** DATA TO USE follows **

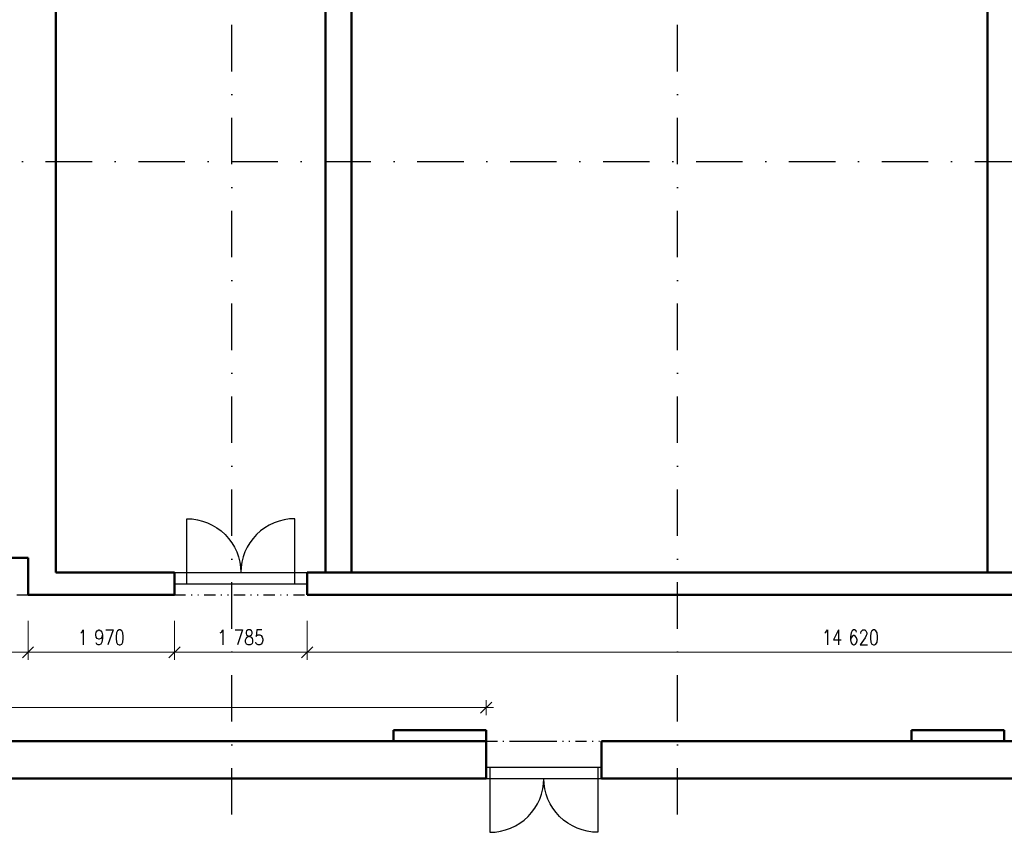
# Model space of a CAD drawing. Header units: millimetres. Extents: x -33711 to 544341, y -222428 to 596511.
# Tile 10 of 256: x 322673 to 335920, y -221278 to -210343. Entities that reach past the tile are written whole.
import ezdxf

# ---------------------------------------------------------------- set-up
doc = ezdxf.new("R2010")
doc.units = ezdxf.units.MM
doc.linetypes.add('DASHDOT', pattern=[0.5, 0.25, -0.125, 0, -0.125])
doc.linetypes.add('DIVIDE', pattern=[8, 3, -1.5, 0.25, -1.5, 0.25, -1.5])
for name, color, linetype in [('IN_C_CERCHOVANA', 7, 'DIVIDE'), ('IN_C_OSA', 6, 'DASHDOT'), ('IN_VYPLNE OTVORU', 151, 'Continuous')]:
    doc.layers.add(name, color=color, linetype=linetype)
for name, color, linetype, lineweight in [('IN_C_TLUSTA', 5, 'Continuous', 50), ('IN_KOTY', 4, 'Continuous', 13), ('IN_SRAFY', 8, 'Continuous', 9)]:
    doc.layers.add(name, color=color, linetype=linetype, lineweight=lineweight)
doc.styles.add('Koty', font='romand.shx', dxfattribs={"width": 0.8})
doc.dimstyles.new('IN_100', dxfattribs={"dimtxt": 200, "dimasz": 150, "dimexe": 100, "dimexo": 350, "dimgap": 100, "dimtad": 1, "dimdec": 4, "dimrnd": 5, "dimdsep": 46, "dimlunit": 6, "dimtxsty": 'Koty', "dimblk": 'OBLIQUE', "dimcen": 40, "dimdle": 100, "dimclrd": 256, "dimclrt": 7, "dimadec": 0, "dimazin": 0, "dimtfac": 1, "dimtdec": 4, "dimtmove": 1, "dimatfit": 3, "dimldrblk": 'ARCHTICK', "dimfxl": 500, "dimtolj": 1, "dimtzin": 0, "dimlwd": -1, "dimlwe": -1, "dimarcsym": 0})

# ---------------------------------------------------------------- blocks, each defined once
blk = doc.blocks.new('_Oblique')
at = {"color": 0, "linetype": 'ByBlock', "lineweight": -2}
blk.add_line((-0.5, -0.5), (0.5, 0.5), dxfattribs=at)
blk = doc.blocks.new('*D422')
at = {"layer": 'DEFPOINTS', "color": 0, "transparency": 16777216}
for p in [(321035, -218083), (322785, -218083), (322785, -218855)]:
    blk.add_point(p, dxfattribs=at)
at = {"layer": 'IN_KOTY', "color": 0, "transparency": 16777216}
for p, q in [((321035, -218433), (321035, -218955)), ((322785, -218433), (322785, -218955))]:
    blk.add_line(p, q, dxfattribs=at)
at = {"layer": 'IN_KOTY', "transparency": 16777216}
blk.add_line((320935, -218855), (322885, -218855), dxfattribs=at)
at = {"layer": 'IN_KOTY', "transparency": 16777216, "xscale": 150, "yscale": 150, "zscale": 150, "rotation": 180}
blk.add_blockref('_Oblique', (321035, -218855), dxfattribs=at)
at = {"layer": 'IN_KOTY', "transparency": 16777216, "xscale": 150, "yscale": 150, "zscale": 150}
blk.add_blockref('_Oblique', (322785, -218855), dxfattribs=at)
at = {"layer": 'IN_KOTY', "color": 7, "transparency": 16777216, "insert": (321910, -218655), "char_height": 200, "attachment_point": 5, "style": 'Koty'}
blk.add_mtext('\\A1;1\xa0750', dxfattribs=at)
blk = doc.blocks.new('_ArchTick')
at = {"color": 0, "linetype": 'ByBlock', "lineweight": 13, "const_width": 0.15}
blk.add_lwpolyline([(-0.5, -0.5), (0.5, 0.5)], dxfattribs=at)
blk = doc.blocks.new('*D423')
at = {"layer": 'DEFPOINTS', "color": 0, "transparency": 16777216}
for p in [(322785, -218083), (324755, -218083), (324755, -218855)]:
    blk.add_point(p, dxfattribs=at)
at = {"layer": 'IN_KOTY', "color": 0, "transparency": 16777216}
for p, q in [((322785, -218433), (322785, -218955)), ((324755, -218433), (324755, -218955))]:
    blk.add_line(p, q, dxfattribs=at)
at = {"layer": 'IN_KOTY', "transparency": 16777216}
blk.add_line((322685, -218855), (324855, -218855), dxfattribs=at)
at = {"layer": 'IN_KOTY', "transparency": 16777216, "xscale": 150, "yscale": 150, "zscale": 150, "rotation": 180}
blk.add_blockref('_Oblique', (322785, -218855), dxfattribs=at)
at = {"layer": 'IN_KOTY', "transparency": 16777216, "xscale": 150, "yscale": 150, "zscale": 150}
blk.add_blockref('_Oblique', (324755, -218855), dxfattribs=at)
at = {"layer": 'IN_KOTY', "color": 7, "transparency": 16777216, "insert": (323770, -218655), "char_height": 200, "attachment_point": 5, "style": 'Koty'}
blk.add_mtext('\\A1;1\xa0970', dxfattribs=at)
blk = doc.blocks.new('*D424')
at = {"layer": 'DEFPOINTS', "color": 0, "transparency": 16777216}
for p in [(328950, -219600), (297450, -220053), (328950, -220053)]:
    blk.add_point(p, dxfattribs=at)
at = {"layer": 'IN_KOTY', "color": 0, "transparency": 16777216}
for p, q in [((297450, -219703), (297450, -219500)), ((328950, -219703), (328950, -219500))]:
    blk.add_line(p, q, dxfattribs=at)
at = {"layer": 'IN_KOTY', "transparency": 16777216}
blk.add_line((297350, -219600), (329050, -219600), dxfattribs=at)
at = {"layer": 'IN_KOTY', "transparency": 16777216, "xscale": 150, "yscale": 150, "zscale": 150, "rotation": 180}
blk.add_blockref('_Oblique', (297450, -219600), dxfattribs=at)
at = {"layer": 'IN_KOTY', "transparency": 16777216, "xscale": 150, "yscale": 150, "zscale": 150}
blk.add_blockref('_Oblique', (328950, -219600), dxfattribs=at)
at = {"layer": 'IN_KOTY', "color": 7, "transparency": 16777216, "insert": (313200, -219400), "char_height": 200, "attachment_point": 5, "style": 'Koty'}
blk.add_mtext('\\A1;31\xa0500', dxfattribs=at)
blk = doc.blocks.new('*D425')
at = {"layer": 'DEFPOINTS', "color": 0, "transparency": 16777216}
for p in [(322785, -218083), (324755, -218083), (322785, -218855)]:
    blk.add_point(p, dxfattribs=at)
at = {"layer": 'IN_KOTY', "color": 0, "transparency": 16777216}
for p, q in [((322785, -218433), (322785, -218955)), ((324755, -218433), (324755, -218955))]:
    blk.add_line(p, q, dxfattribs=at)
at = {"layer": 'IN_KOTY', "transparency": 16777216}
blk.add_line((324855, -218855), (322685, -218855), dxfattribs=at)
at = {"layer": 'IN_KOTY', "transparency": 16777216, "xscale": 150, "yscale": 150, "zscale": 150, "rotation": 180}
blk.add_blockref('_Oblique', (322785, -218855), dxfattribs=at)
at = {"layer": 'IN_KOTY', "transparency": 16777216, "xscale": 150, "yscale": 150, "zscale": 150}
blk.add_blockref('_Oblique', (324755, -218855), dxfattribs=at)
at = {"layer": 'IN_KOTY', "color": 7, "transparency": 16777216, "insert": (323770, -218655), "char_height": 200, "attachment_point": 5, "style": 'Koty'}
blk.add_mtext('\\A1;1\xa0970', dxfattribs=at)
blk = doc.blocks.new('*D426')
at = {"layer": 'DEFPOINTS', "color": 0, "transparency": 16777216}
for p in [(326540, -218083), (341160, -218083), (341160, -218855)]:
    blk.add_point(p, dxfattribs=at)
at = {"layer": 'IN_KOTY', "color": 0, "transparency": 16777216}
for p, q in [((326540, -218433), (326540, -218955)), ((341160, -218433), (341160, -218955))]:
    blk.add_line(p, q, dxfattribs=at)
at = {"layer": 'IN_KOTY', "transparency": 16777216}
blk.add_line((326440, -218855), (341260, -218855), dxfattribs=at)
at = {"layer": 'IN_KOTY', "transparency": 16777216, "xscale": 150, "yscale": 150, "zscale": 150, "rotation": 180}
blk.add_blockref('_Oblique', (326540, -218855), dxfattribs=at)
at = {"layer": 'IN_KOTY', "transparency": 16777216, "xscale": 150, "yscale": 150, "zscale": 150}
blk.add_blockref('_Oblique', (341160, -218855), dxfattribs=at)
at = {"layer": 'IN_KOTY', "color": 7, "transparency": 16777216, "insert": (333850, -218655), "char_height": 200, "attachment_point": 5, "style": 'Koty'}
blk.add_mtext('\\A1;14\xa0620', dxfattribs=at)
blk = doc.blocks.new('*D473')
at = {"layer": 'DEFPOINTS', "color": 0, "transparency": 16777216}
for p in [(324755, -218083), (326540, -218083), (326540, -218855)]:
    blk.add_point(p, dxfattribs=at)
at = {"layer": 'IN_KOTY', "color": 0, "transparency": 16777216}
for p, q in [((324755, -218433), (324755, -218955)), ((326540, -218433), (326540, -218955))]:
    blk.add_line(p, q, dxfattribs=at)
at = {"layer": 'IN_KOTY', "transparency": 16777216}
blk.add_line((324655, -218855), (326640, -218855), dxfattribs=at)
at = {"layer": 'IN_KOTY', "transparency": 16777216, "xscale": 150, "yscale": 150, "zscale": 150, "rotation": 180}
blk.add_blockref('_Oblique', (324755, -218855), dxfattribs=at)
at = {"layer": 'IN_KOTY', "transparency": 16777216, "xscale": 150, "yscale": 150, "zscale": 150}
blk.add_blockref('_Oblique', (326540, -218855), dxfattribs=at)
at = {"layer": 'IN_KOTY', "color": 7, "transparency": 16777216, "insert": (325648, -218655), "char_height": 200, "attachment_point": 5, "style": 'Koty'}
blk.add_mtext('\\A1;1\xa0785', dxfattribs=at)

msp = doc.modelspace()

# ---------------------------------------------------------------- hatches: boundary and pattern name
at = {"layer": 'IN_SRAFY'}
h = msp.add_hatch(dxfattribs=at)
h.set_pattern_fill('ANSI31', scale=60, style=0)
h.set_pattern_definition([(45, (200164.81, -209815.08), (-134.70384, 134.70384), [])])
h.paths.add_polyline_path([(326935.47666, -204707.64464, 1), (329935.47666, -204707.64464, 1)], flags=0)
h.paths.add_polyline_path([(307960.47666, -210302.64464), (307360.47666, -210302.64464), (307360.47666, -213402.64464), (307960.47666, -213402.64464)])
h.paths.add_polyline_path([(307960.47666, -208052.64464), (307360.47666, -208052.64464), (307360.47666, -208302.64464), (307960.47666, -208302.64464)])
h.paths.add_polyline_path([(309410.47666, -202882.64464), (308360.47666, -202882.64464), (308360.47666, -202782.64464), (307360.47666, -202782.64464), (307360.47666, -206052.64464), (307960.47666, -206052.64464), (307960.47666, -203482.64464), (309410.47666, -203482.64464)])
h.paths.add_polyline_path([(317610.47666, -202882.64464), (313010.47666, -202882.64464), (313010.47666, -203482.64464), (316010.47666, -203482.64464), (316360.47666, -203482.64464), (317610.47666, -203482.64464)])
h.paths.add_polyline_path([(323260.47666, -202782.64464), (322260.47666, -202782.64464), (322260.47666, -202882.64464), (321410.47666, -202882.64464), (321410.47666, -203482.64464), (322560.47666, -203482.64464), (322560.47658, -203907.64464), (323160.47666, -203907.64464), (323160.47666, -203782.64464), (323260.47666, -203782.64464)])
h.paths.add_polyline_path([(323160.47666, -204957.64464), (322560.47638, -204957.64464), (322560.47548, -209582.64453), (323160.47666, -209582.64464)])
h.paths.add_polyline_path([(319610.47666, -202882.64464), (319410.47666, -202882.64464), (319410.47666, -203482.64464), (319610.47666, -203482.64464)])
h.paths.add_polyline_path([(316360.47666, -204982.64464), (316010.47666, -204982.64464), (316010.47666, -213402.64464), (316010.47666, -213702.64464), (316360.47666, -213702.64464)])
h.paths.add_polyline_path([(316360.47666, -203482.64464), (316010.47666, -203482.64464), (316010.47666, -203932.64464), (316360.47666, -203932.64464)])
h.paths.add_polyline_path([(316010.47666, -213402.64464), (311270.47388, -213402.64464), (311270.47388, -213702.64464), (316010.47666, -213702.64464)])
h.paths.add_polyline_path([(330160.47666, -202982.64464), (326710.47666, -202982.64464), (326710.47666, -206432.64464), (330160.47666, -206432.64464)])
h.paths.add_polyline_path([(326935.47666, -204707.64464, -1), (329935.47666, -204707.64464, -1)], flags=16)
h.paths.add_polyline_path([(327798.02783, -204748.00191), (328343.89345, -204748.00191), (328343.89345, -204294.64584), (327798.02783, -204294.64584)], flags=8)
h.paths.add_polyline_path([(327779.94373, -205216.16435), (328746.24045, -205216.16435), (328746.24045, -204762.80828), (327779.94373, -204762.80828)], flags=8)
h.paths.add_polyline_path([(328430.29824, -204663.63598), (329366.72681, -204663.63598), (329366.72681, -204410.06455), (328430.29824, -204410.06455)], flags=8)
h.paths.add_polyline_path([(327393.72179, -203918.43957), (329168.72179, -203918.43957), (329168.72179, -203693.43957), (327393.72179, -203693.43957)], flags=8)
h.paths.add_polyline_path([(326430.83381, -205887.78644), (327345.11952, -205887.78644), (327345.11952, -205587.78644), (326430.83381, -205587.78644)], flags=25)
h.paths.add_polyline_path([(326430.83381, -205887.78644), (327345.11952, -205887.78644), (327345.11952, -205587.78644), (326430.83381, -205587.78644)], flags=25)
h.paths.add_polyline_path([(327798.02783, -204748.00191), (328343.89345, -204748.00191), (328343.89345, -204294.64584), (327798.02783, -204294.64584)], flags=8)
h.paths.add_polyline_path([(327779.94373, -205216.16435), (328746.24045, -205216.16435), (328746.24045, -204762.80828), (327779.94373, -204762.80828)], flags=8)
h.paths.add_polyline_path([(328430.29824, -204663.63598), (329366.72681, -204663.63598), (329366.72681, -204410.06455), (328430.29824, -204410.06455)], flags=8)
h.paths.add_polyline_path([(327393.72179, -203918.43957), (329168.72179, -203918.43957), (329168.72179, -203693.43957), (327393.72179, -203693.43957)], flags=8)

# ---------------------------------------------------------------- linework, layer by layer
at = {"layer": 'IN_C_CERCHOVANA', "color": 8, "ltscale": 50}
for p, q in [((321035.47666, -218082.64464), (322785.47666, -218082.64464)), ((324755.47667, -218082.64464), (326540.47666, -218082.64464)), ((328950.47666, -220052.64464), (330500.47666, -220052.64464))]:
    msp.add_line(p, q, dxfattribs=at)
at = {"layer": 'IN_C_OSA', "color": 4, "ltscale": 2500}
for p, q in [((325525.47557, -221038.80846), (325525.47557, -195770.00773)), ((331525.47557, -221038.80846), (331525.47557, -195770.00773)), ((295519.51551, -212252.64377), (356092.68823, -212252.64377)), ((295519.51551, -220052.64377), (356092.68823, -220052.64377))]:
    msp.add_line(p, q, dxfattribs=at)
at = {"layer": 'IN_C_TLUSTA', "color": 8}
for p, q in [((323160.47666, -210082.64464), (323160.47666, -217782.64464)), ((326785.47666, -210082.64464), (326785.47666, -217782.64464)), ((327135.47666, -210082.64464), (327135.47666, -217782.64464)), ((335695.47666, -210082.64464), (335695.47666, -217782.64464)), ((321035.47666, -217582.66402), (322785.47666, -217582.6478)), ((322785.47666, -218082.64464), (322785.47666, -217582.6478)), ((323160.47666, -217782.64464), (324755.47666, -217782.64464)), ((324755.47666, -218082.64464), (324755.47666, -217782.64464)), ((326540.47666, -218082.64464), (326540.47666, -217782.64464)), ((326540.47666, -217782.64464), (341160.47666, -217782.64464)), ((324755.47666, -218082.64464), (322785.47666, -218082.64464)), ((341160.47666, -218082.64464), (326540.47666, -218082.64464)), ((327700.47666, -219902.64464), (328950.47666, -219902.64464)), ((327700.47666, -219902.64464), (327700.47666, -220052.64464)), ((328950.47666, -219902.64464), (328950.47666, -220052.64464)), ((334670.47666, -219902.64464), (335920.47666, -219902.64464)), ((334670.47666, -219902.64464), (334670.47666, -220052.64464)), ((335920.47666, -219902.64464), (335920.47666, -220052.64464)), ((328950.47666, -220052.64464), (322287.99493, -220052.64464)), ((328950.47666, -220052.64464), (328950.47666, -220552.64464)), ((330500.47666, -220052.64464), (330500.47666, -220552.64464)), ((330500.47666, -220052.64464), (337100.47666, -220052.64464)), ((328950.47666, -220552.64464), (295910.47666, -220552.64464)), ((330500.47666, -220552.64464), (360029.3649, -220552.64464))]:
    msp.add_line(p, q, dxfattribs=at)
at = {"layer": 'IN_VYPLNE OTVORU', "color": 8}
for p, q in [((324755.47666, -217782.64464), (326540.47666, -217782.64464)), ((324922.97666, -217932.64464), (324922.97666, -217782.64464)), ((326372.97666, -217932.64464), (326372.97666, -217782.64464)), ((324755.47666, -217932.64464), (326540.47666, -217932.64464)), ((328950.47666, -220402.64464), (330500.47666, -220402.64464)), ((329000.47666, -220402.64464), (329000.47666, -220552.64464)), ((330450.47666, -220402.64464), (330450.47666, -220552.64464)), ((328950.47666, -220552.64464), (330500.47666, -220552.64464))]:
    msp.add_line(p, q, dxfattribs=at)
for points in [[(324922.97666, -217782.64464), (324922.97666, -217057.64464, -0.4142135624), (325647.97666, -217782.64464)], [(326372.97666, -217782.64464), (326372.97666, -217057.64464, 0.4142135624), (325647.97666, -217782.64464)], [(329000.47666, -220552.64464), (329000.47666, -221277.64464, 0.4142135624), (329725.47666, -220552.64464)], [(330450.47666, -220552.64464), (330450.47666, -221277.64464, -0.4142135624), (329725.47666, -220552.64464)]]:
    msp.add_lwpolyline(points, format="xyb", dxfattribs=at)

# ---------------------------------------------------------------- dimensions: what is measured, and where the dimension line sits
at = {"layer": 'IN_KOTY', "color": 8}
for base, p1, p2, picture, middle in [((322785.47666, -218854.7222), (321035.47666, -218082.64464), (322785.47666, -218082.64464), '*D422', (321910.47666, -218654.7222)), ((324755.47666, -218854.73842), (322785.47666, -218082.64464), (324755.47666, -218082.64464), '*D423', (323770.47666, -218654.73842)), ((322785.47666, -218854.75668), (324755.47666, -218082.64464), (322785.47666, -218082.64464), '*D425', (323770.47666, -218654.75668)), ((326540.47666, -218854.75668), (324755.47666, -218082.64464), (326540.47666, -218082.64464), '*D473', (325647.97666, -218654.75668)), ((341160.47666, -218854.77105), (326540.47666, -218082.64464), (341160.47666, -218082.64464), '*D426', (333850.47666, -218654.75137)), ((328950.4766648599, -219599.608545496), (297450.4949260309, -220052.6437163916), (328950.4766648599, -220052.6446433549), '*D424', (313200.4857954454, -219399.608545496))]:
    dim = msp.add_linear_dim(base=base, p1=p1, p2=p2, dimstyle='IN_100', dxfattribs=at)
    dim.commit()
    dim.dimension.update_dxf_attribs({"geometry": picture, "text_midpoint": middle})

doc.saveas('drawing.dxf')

** End of DATA TO USE **

*PROBLEM STATEMENT*
Gather up every line in the data above that contains the word "DASHDOT", copying each one.

*ANSWER FOR THE TASK*
doc.linetypes.add('DASHDOT', pattern=[0.5, 0.25, -0.125, 0, -0.125])
for name, color, linetype in [('IN_C_CERCHOVANA', 7, 'DIVIDE'), ('IN_C_OSA', 6, 'DASHDOT'), ('IN_VYPLNE OTVORU', 151, 'Continuous')]:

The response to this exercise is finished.